Vous avez sûrement l'habitude devant votre navigateur de taper dans la barre d'adresse "google.fr" (😮‍💨), et hop, la page s'affiche comme par magie. Mais derrière cette magie se cache en réalité un des rouages essentiel d'Internet : le DNS ou « système de noms de domaine » (Domain Name System chez nos amis anglais), en somme l'annuaire téléphonique du web.

L'idée est simple (en théorie!), au lieu de retenir une suite de chiffres interminable comme 142.250.185.174 (une des IPs de Google LLC), nous allons utiliser des noms plus faciles à mémoriser. Et le système DNS s'occupe de traduire ces noms en ces suites de chiffres incompréhensibles.

Ultra pratique, non ? Oui je suis d'accord avec vous, sauf que ce système, inventé dans les années 1980, n'a pas du tout été conçu à l'origine avec une vision de la vie privée ni même de la sécurité. En 2025, avec une surveillance omniprésente et les cybermenaces qui pullulent, configurer correctement son DNS est devenu un enjeu important, pouvant souvent faire la différence entre une navigation réellement privée et un profilage par nos chers FAI, voire d'autres instances.

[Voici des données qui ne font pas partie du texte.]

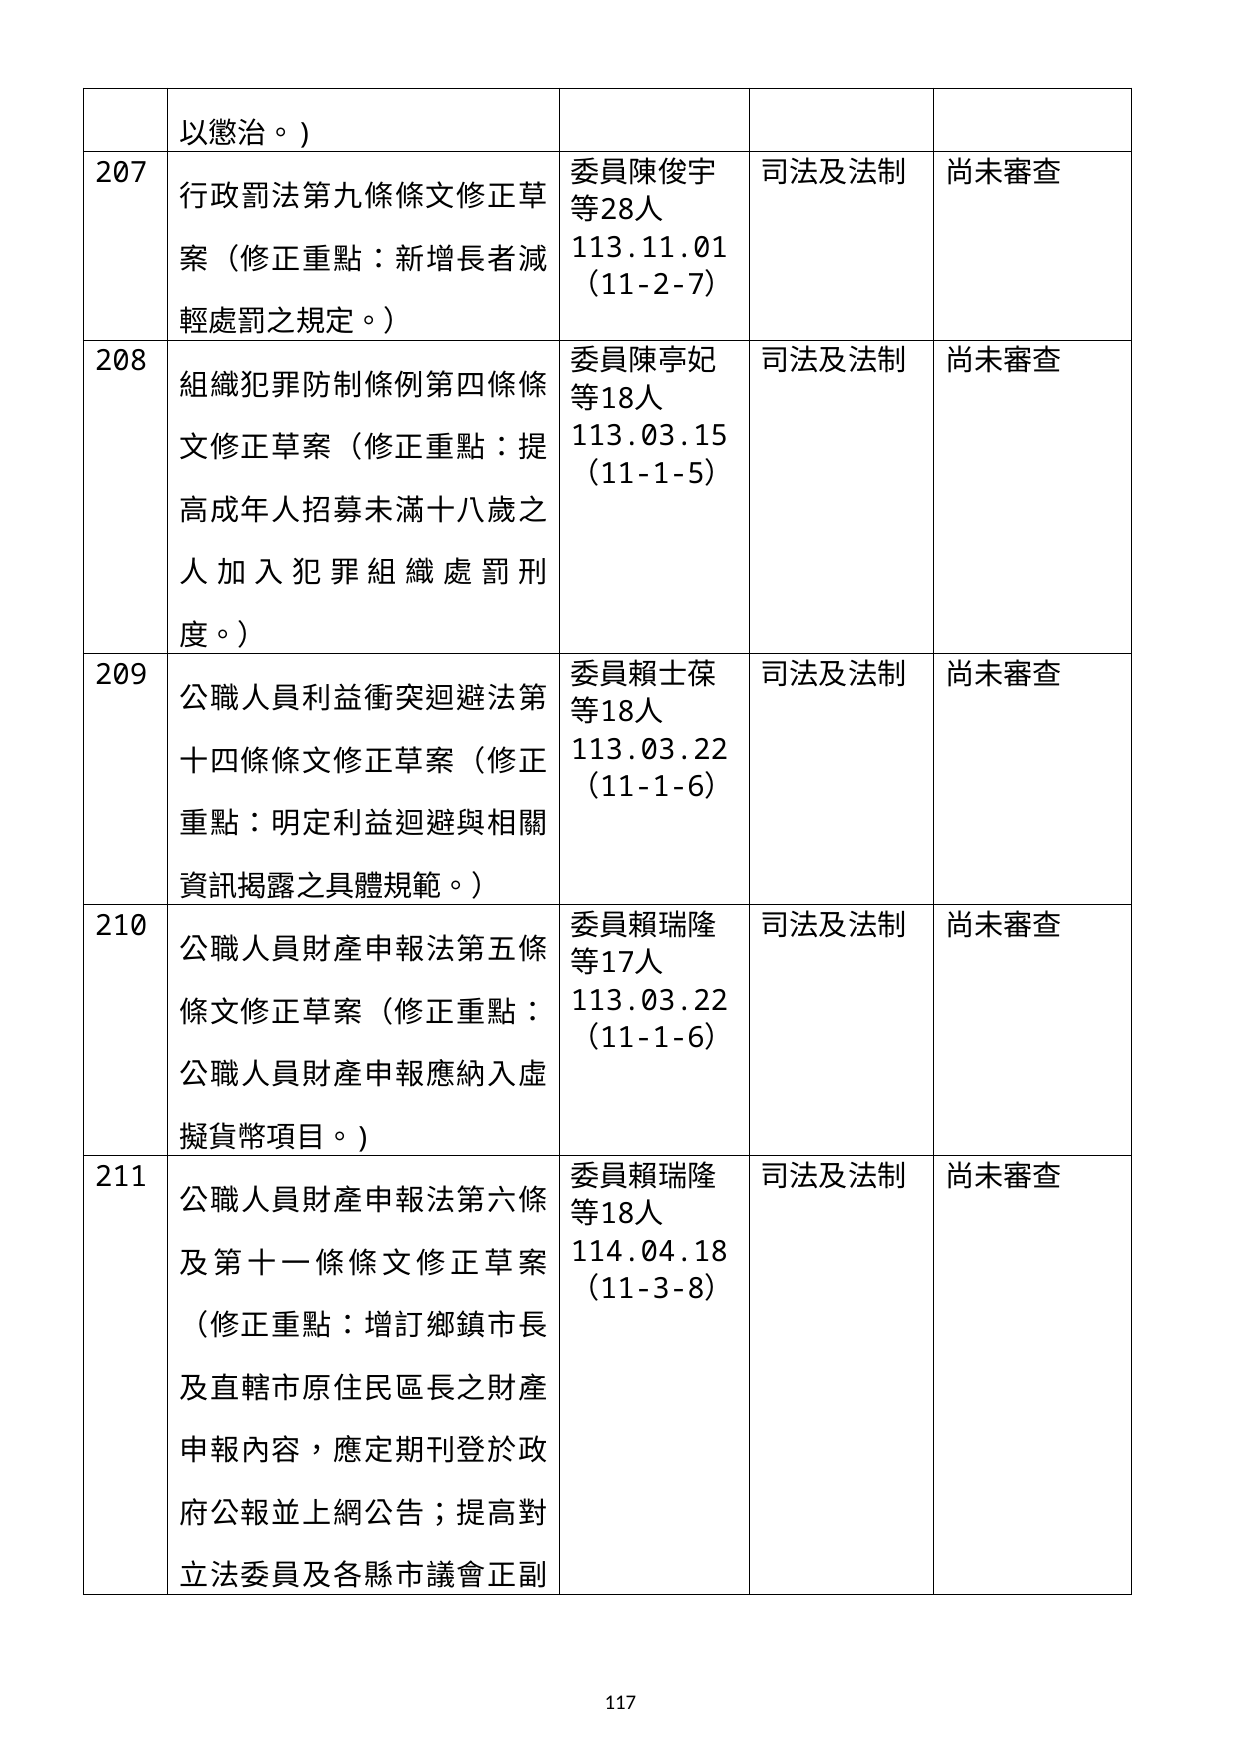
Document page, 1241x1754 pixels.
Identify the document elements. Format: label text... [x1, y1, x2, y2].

table_cell 委員賴瑞隆 等18人 114.04.18 （11-3-8） [560, 1156, 749, 1594]
table_cell 組織犯罪防制條例第四條條文修正草案（修正重點：提高成年人招募未滿十八歲之人加入犯罪組織處罰刑度。） [168, 341, 559, 653]
table_cell 尚未審查 [934, 341, 1131, 653]
table_cell 尚未審查 [934, 1156, 1131, 1594]
table_cell 公職人員利益衝突迴避法第十四條條文修正草案（修正重點：明定利益迴避與相關資訊揭露之具體規範。） [168, 654, 559, 904]
table_cell 司法及法制 [750, 1156, 933, 1594]
table_cell 尚未審查 [934, 152, 1131, 340]
table_cell 行政罰法第九條條文修正草案（修正重點：新增長者減輕處罰之規定。） [168, 152, 559, 340]
table_cell 司法及法制 [750, 152, 933, 340]
table_cell 207 [84, 152, 167, 340]
table_cell [560, 89, 749, 151]
table_cell 尚未審查 [934, 905, 1131, 1155]
table_cell 委員賴瑞隆 等17人 113.03.22 （11-1-6） [560, 905, 749, 1155]
table_cell 208 [84, 341, 167, 653]
table_cell 司法及法制 [750, 654, 933, 904]
table_cell 211 [84, 1156, 167, 1594]
table_cell 以懲治。) [168, 89, 559, 151]
table_cell 公職人員財產申報法第六條及第十一條條文修正草案（修正重點：增訂鄉鎮市長及直轄市原住民區長之財產申報內容，應定期刊登於政府公報並上網公告；提高對立法委員及各縣市議會正副 [168, 1156, 559, 1594]
table_cell 委員陳亭妃 等18人 113.03.15 （11-1-5） [560, 341, 749, 653]
table_cell [84, 89, 167, 151]
table_cell 210 [84, 905, 167, 1155]
table_cell [934, 89, 1131, 151]
table_cell 司法及法制 [750, 341, 933, 653]
table_cell 尚未審查 [934, 654, 1131, 904]
table_cell 司法及法制 [750, 905, 933, 1155]
table_cell 209 [84, 654, 167, 904]
table_cell 委員賴士葆 等18人 113.03.22 （11-1-6） [560, 654, 749, 904]
table_cell [750, 89, 933, 151]
table_cell 公職人員財產申報法第五條條文修正草案（修正重點：公職人員財產申報應納入虛擬貨幣項目。) [168, 905, 559, 1155]
table_cell 委員陳俊宇 等28人 113.11.01 （11-2-7） [560, 152, 749, 340]
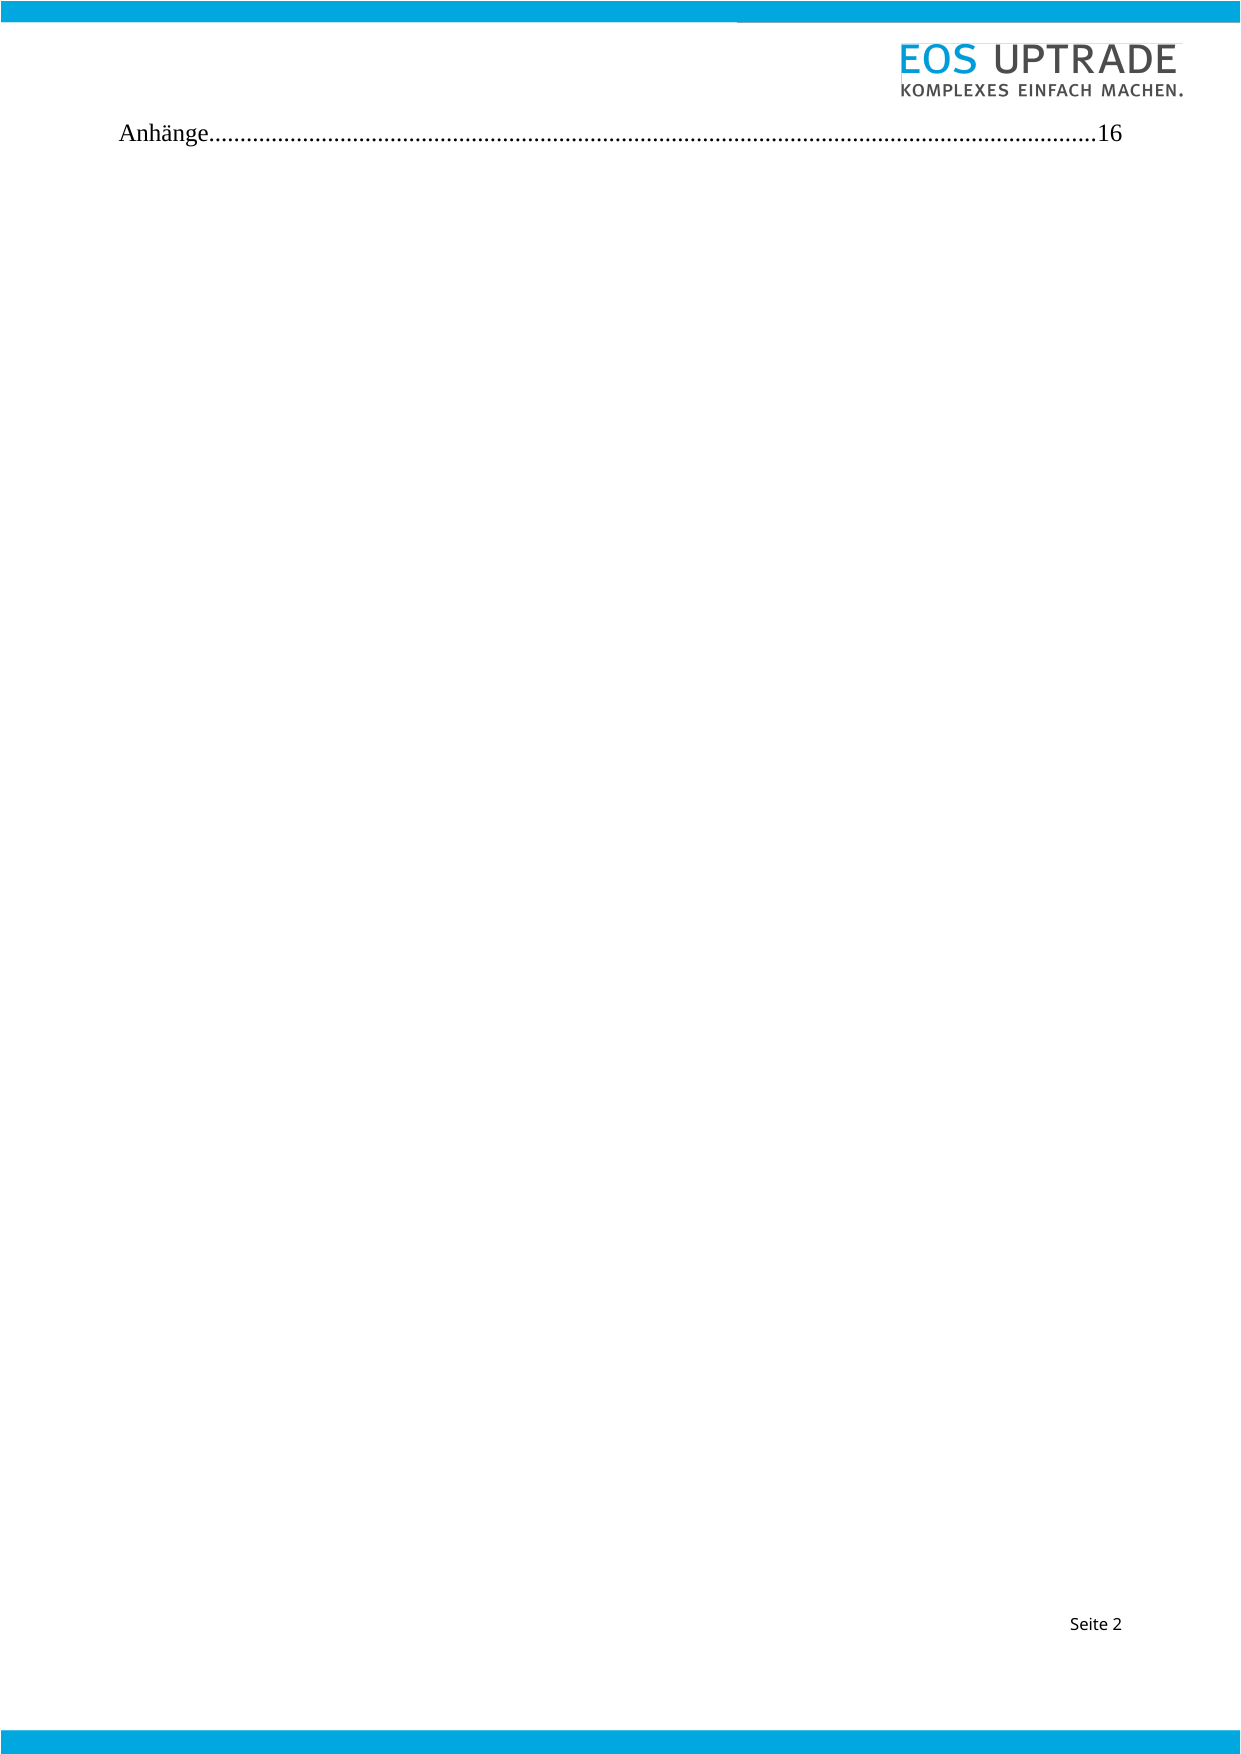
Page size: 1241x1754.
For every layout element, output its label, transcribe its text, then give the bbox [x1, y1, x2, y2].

picture [1, 23, 1240, 1730]
text Anhänge 16 [118, 118, 1122, 147]
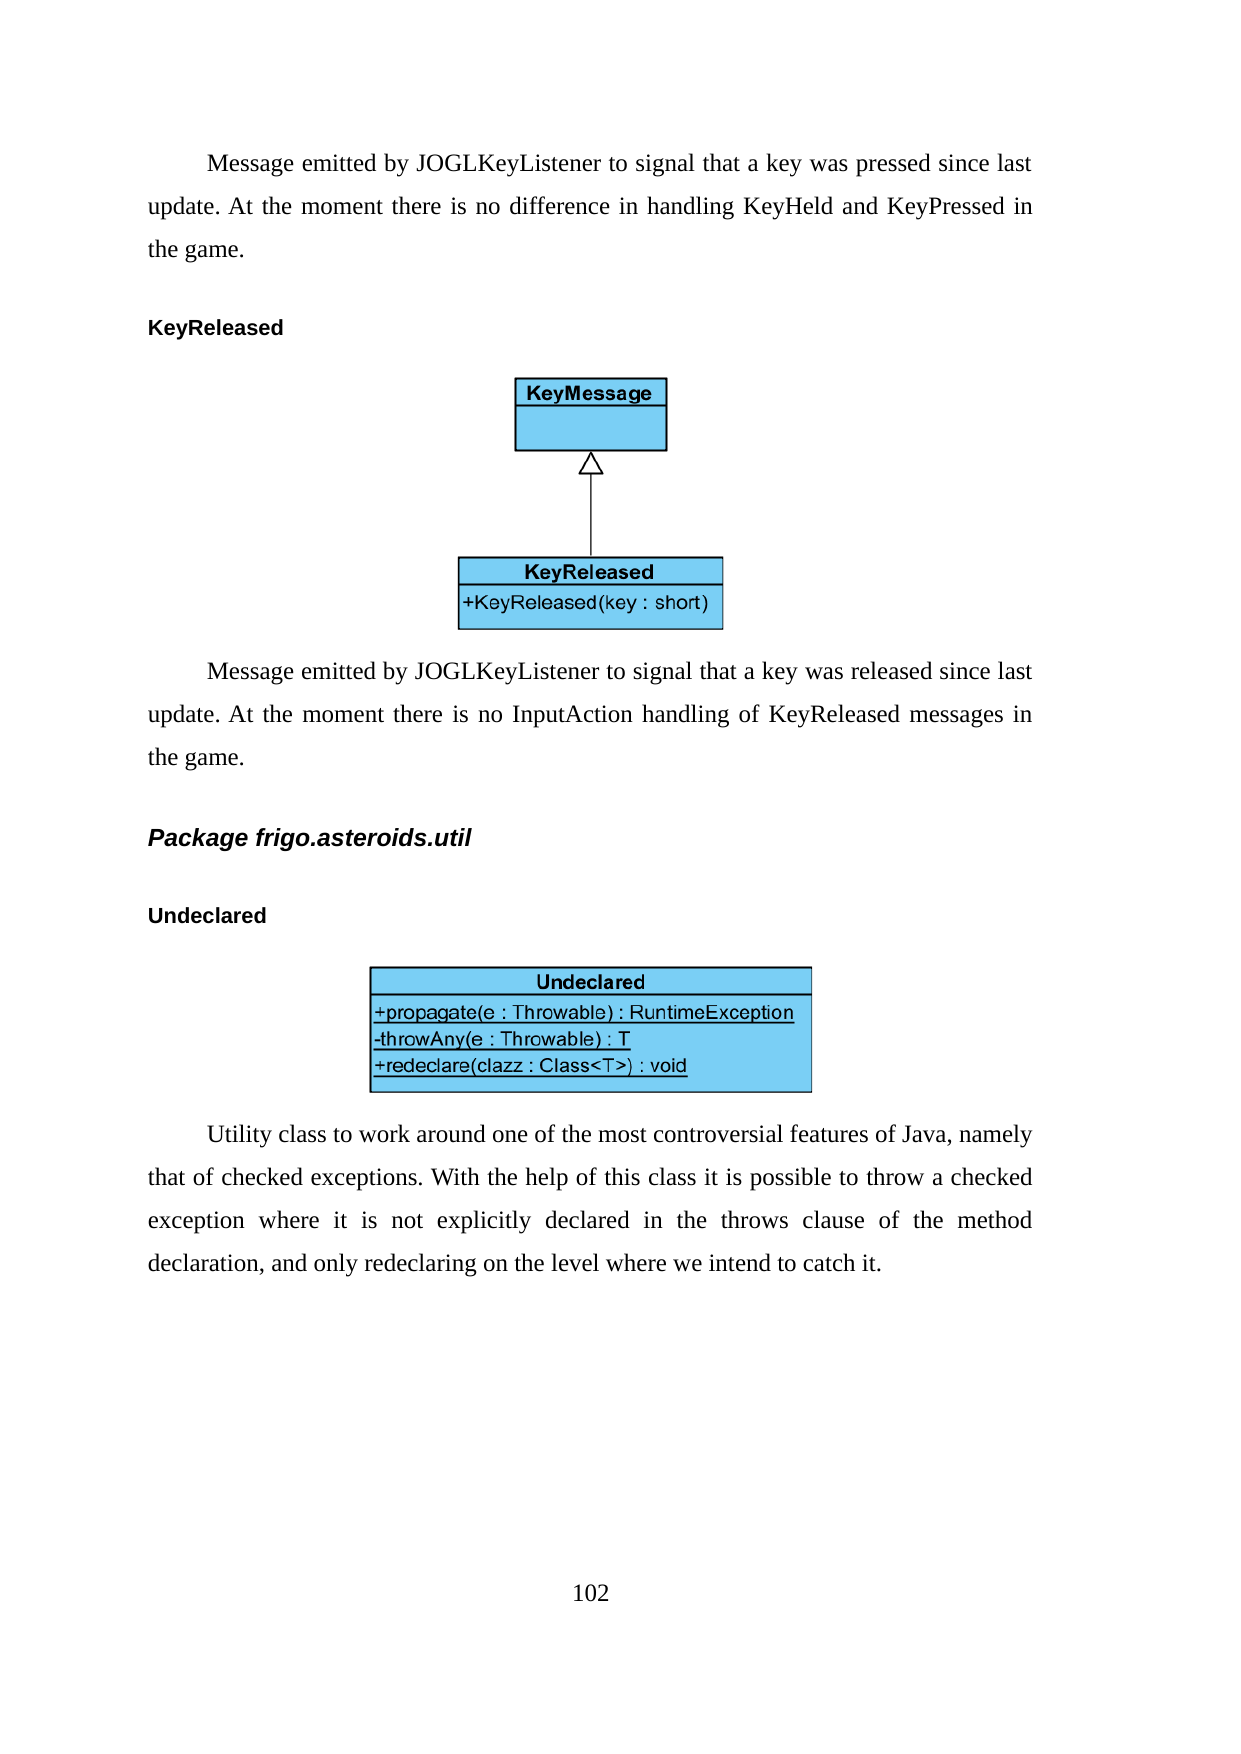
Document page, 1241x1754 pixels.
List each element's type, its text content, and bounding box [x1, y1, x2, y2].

picture [457, 377, 724, 630]
subtitle Undeclared [148, 903, 1033, 929]
subtitle KeyReleased [148, 314, 1033, 340]
picture [369, 966, 813, 1093]
subtitle Package frigo.asteroids.util [148, 823, 1033, 852]
text Message emitted by JOGLKeyListener to signal that a key was released since last update. At the moment there is no InputAction handling of KeyReleased messages in the game. [148, 656, 1033, 771]
text Utility class to work around one of the most controversial features of Java, namely that of checked exceptions. With the help of this class it is possible to throw a checked exception where it is not explicitly declared in the throws clause of the method declaration, and only redeclaring on the level where we intend to catch it. [148, 1119, 1033, 1277]
text Message emitted by JOGLKeyListener to signal that a key was pressed since last update. At the moment there is no difference in handling KeyHeld and KeyPressed in the game. [148, 148, 1033, 263]
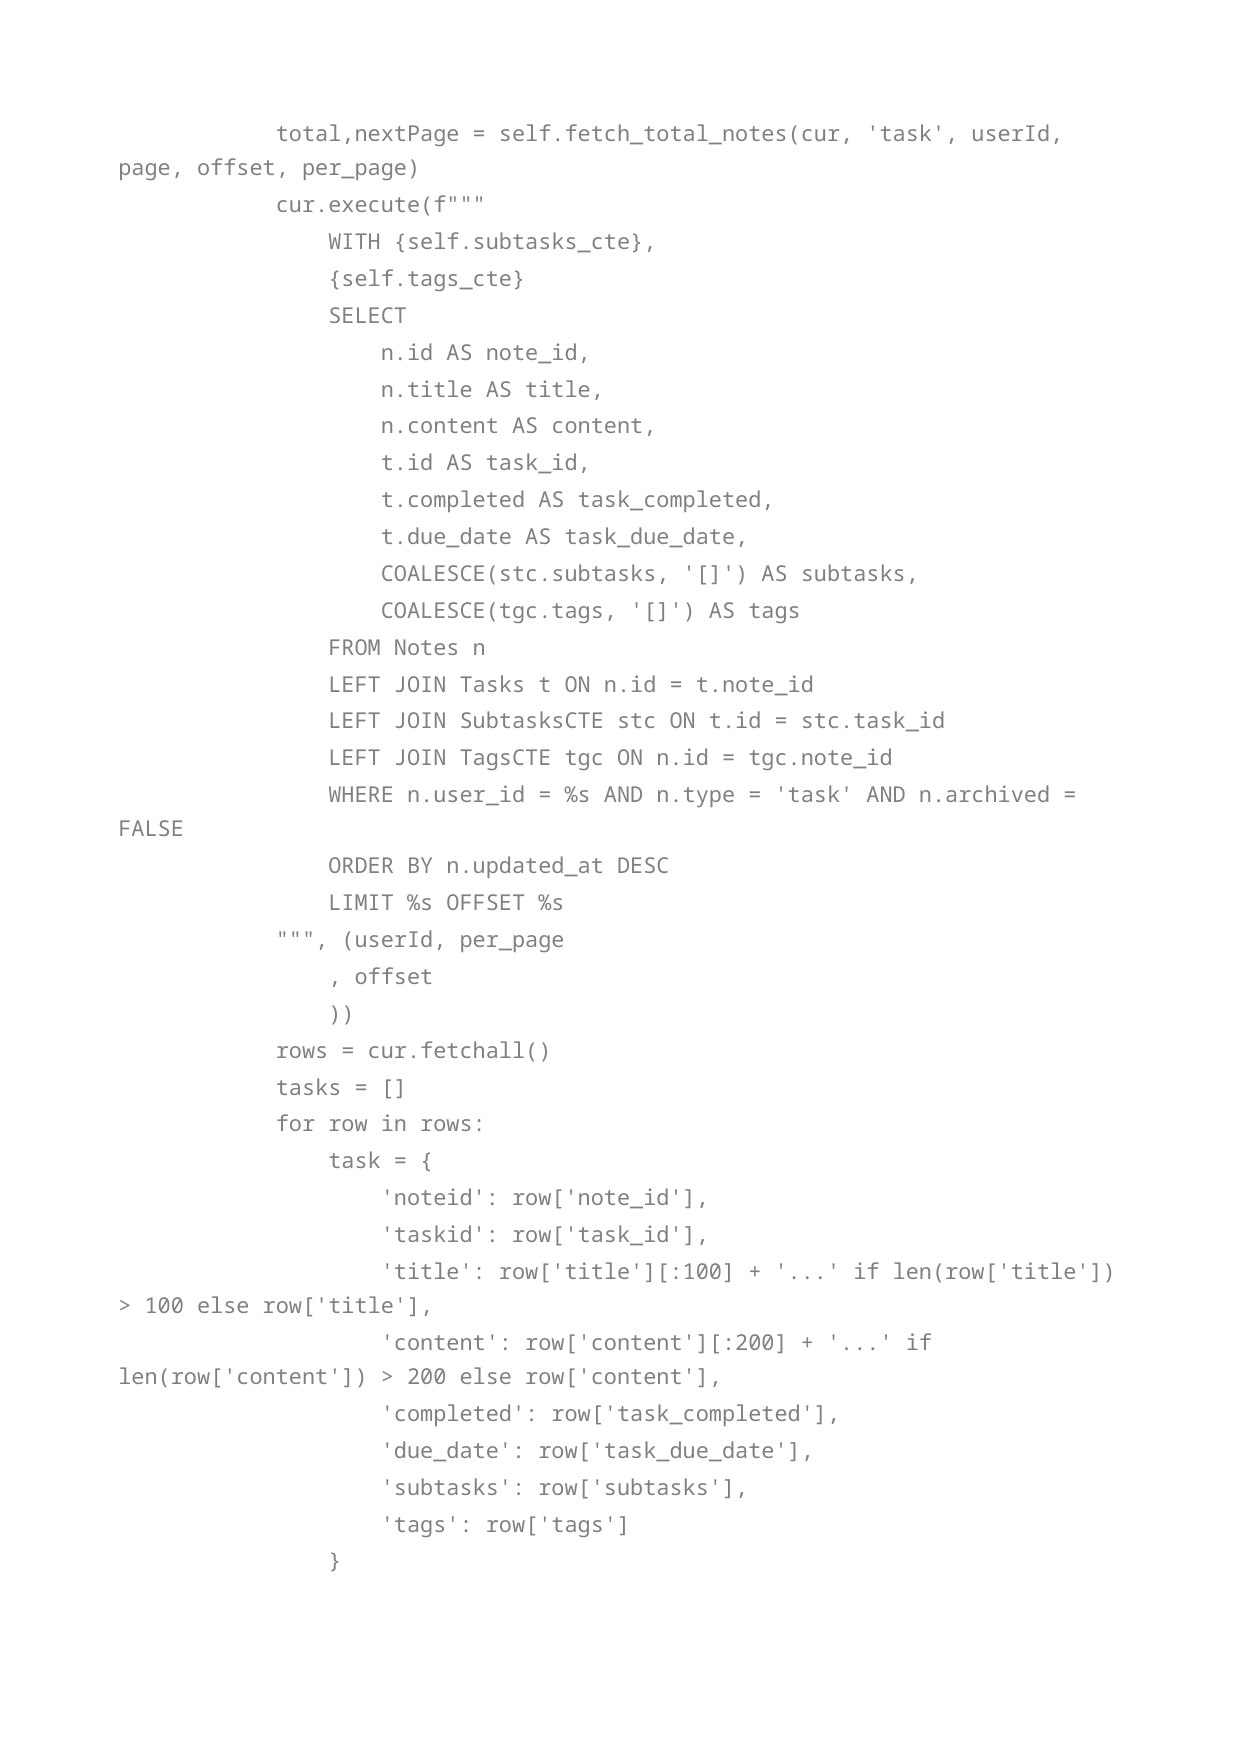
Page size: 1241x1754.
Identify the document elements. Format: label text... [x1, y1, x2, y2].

Cet article a donc pour but de vous présenter les bases du DNS, ses failles pour notre vie privée, mais surtout comment le configurer correctement pour éviter le pistage en ligne.

Comment fonctionne le DNS ?

Passons aux choses sérieuses 😄.

Le DNS peut être vu tout simplement comme un traducteur : il convertit les "noms de domaine" en ces suites de chiffres, appelées "adresses IP", que les machines comprennent parfaitement. Sans lui, Internet serait un cauchemar – imaginez devoir taper 2607:f8b0:4004:803::200e pour accéder à YouTube !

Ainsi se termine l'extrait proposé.